Minions: The Rise of Gru (2022) is certainly no match for the eponymous flagship of the Despicable Me franchise, of which this is the fifth installment but second prequel, set when lead Gru is hardly a teenager, but compared to the previous addition, Minions (2015), it’s a marginal improvement.
When you, or kid Gru in this case, wants to be a super-villain, what’s your logical course of action? That’s right: find an old, washed up arch-villain who needs a bit of a buck-up, and then brown nose like mad. Wild Knuckles fills the bill, as his gang betrayed him on their last gig. Gru originally applies to replace his idol, but during the interview he gets dissed for being all of 12 years old.
And what should a villain do? Show his chops by stealing from the gang itself. The target, though, happens to be the gang’s most valuable holding, so when it disappears, youthful Gru finds disengaging from the finest gang of super-villains around is more of a chore than he expected.
But here’s a key part of the review: I wrote the above a month ago, forgot about it, and now I can’t remember the rest of the movie. I know it involves a great deal of classic pop and rock music. There’s a cursed Chinese magical charm that converts the members of the gang into their feral inner selves.

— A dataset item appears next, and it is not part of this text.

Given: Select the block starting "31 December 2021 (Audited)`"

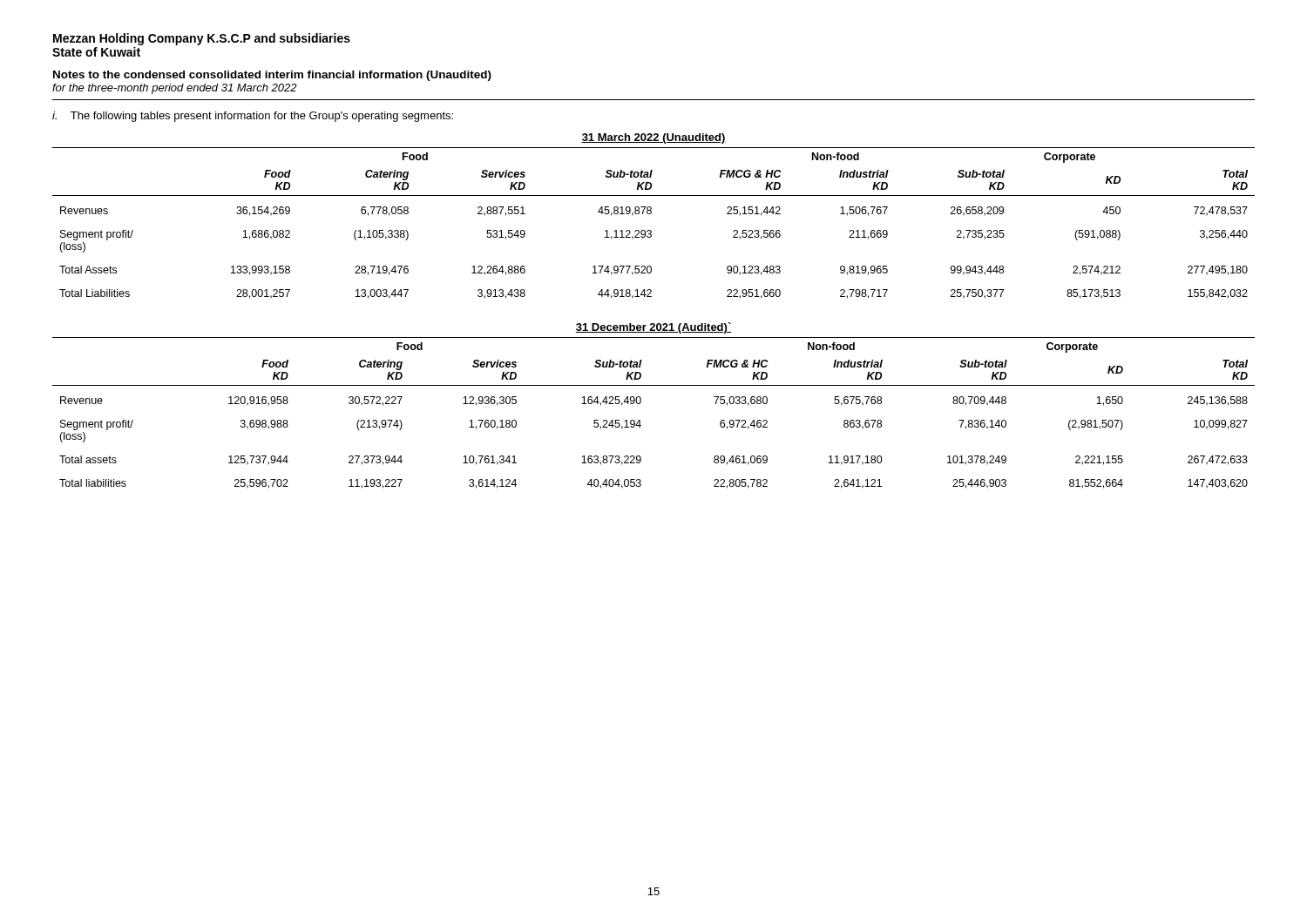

And, rather than being heart-warming and that sort of thing, it’s just sort of silly. It’s not memorable, not even close.
Which is too bad, but that’s the way of it. Don’t go looking for this to be as good as the first two installments, because the key to the first installment was Gru’s conversion from arch-villain to, reluctantly, adoptive father and general good guy. The process of that conversion helps the audience see how good people and bad people act, and the consequences thereof. The second installment, Despicable Me 2 (2013), continues that exploration and, perhaps accidentally, demonstrates that tools lack moral agency or moral attributes, it’s the intention that matters.
And so do jelly guns.
But, setting aside the boring third installment, these last two lack the moral dimension of the first two installments. Sure, there’s lots of badness, as it were, but Gru doesn’t grow morally, he merely outsmarts some other bad guys. Lessons are presented, but he seems impervious, and perhaps rightly so.
Because the rewards of outsmarting the gang aren’t damaged or disappointing. Add in the fact that he yearns to excel at being bad, rather than having a justification for his bad behavior, and the entire structure just collapses into a dull, dusty heap.